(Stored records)
———
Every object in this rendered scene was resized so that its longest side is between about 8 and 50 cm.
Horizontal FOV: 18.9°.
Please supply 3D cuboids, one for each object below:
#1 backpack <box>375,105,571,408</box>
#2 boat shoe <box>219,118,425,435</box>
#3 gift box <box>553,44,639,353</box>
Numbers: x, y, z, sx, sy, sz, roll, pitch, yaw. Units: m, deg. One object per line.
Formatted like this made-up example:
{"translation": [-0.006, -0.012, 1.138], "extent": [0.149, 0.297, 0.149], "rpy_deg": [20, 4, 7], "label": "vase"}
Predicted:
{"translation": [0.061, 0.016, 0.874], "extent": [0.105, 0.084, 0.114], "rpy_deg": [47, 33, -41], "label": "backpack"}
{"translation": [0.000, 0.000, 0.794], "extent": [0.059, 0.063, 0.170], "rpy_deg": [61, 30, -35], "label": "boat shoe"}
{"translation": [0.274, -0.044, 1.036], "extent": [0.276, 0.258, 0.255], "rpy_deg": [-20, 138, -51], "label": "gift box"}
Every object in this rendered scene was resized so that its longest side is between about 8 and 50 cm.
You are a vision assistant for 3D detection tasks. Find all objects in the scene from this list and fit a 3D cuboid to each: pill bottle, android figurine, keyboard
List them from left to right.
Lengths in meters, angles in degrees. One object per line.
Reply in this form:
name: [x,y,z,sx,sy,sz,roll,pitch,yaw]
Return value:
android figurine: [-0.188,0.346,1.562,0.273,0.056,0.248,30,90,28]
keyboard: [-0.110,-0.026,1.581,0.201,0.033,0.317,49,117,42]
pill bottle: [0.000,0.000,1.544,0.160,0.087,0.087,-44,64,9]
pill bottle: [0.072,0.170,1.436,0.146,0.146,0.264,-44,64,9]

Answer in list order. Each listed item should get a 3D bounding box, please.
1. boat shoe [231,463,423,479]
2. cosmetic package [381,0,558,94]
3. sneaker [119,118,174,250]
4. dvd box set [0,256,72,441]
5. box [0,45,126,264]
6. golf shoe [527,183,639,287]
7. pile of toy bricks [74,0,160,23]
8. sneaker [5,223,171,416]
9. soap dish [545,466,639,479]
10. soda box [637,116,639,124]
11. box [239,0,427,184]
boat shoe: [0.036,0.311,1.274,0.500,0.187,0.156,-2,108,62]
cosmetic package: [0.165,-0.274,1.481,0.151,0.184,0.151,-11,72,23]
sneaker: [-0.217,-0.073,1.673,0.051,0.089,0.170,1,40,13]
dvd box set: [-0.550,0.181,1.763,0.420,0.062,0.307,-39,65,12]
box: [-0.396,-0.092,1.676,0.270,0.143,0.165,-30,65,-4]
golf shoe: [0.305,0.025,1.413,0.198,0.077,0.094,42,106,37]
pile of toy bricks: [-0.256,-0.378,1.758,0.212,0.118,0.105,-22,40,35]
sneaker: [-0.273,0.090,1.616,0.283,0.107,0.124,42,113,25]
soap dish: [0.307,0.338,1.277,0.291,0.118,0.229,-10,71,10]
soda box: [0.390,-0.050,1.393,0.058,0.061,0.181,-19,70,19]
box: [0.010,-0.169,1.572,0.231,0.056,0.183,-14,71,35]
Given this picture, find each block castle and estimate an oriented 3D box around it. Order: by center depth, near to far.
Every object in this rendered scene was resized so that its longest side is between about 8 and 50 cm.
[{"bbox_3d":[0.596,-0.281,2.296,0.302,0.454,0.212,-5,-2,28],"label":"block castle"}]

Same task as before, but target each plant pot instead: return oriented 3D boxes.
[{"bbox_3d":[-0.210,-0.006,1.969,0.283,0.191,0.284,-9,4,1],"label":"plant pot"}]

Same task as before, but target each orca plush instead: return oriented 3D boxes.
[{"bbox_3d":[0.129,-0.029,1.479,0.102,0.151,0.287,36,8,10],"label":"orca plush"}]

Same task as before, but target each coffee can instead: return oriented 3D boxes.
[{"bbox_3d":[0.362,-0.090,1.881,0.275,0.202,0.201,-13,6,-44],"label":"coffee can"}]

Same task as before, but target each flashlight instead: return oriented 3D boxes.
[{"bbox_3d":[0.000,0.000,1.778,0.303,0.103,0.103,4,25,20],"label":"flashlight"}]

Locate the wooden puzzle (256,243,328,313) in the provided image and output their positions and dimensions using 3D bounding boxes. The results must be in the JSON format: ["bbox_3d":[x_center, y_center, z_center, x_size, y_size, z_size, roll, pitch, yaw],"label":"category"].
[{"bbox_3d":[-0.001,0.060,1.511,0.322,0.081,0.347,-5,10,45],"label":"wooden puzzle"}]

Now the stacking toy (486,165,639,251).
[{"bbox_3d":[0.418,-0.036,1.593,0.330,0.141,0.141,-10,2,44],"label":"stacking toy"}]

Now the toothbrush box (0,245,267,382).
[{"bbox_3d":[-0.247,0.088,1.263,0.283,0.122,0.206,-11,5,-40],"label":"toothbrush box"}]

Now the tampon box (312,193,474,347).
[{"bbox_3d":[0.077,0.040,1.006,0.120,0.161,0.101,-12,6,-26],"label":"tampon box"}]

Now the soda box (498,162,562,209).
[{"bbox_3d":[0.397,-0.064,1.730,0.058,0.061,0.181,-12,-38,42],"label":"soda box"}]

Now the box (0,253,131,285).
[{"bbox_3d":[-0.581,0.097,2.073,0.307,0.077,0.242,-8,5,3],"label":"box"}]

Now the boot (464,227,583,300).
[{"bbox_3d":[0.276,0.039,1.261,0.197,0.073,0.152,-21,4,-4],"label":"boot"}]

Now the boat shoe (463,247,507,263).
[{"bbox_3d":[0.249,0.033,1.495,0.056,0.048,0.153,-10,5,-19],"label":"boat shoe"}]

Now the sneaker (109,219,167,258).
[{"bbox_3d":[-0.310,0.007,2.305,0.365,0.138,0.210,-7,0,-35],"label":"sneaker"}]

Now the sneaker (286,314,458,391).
———
ASSIGNMENT:
Please reproduce the records above in their entirety, exactly as given.

SOLUTION TO THE PROBLEM:
Every object in this rendered scene was resized so that its longest side is between about 8 and 50 cm.
Horizontal FOV: 18.9°.
Please supply 3D cuboids, one for each object below:
#1 backpack <box>375,105,571,408</box>
#2 boat shoe <box>219,118,425,435</box>
#3 gift box <box>553,44,639,353</box>
Numbers: x, y, z, sx, sy, sz, roll, pitch, yaw. Units: m, deg. One object per line.
Formatted like this made-up example:
{"translation": [-0.006, -0.012, 1.138], "extent": [0.149, 0.297, 0.149], "rpy_deg": [20, 4, 7], "label": "vase"}
Predicted:
{"translation": [0.061, 0.016, 0.874], "extent": [0.105, 0.084, 0.114], "rpy_deg": [47, 33, -41], "label": "backpack"}
{"translation": [0.000, 0.000, 0.794], "extent": [0.059, 0.063, 0.170], "rpy_deg": [61, 30, -35], "label": "boat shoe"}
{"translation": [0.274, -0.044, 1.036], "extent": [0.276, 0.258, 0.255], "rpy_deg": [-20, 138, -51], "label": "gift box"}
Every object in this rendered scene was resized so that its longest side is between about 8 and 50 cm.
You are a vision assistant for 3D detection tasks. Find all objects in the scene from this list and fit a 3D cuboid to each: pill bottle, android figurine, keyboard
List them from left to right.
Lengths in meters, angles in degrees. One object per line.
Reply in this form:
name: [x,y,z,sx,sy,sz,roll,pitch,yaw]
Return value:
android figurine: [-0.188,0.346,1.562,0.273,0.056,0.248,30,90,28]
keyboard: [-0.110,-0.026,1.581,0.201,0.033,0.317,49,117,42]
pill bottle: [0.000,0.000,1.544,0.160,0.087,0.087,-44,64,9]
pill bottle: [0.072,0.170,1.436,0.146,0.146,0.264,-44,64,9]

Answer in list order. Each listed item should get a 3D bounding box, please.
1. boat shoe [231,463,423,479]
2. cosmetic package [381,0,558,94]
3. sneaker [119,118,174,250]
4. dvd box set [0,256,72,441]
5. box [0,45,126,264]
6. golf shoe [527,183,639,287]
7. pile of toy bricks [74,0,160,23]
8. sneaker [5,223,171,416]
9. soap dish [545,466,639,479]
10. soda box [637,116,639,124]
11. box [239,0,427,184]
boat shoe: [0.036,0.311,1.274,0.500,0.187,0.156,-2,108,62]
cosmetic package: [0.165,-0.274,1.481,0.151,0.184,0.151,-11,72,23]
sneaker: [-0.217,-0.073,1.673,0.051,0.089,0.170,1,40,13]
dvd box set: [-0.550,0.181,1.763,0.420,0.062,0.307,-39,65,12]
box: [-0.396,-0.092,1.676,0.270,0.143,0.165,-30,65,-4]
golf shoe: [0.305,0.025,1.413,0.198,0.077,0.094,42,106,37]
pile of toy bricks: [-0.256,-0.378,1.758,0.212,0.118,0.105,-22,40,35]
sneaker: [-0.273,0.090,1.616,0.283,0.107,0.124,42,113,25]
soap dish: [0.307,0.338,1.277,0.291,0.118,0.229,-10,71,10]
soda box: [0.390,-0.050,1.393,0.058,0.061,0.181,-19,70,19]
box: [0.010,-0.169,1.572,0.231,0.056,0.183,-14,71,35]
Given this picture, find each block castle and estimate an oriented 3D box around it. Order: by center depth, near to far.
Every object in this rendered scene was resized so that its longest side is between about 8 and 50 cm.
[{"bbox_3d":[0.596,-0.281,2.296,0.302,0.454,0.212,-5,-2,28],"label":"block castle"}]

Same task as before, but target each plant pot instead: return oriented 3D boxes.
[{"bbox_3d":[-0.210,-0.006,1.969,0.283,0.191,0.284,-9,4,1],"label":"plant pot"}]

Same task as before, but target each orca plush instead: return oriented 3D boxes.
[{"bbox_3d":[0.129,-0.029,1.479,0.102,0.151,0.287,36,8,10],"label":"orca plush"}]

Same task as before, but target each coffee can instead: return oriented 3D boxes.
[{"bbox_3d":[0.362,-0.090,1.881,0.275,0.202,0.201,-13,6,-44],"label":"coffee can"}]

Same task as before, but target each flashlight instead: return oriented 3D boxes.
[{"bbox_3d":[0.000,0.000,1.778,0.303,0.103,0.103,4,25,20],"label":"flashlight"}]

Locate the wooden puzzle (256,243,328,313) in the provided image and output their positions and dimensions using 3D bounding boxes. The results must be in the JSON format: ["bbox_3d":[x_center, y_center, z_center, x_size, y_size, z_size, roll, pitch, yaw],"label":"category"].
[{"bbox_3d":[-0.001,0.060,1.511,0.322,0.081,0.347,-5,10,45],"label":"wooden puzzle"}]

Now the stacking toy (486,165,639,251).
[{"bbox_3d":[0.418,-0.036,1.593,0.330,0.141,0.141,-10,2,44],"label":"stacking toy"}]

Now the toothbrush box (0,245,267,382).
[{"bbox_3d":[-0.247,0.088,1.263,0.283,0.122,0.206,-11,5,-40],"label":"toothbrush box"}]

Now the tampon box (312,193,474,347).
[{"bbox_3d":[0.077,0.040,1.006,0.120,0.161,0.101,-12,6,-26],"label":"tampon box"}]

Now the soda box (498,162,562,209).
[{"bbox_3d":[0.397,-0.064,1.730,0.058,0.061,0.181,-12,-38,42],"label":"soda box"}]

Now the box (0,253,131,285).
[{"bbox_3d":[-0.581,0.097,2.073,0.307,0.077,0.242,-8,5,3],"label":"box"}]

Now the boot (464,227,583,300).
[{"bbox_3d":[0.276,0.039,1.261,0.197,0.073,0.152,-21,4,-4],"label":"boot"}]

Now the boat shoe (463,247,507,263).
[{"bbox_3d":[0.249,0.033,1.495,0.056,0.048,0.153,-10,5,-19],"label":"boat shoe"}]

Now the sneaker (109,219,167,258).
[{"bbox_3d":[-0.310,0.007,2.305,0.365,0.138,0.210,-7,0,-35],"label":"sneaker"}]

Now the sneaker (286,314,458,391).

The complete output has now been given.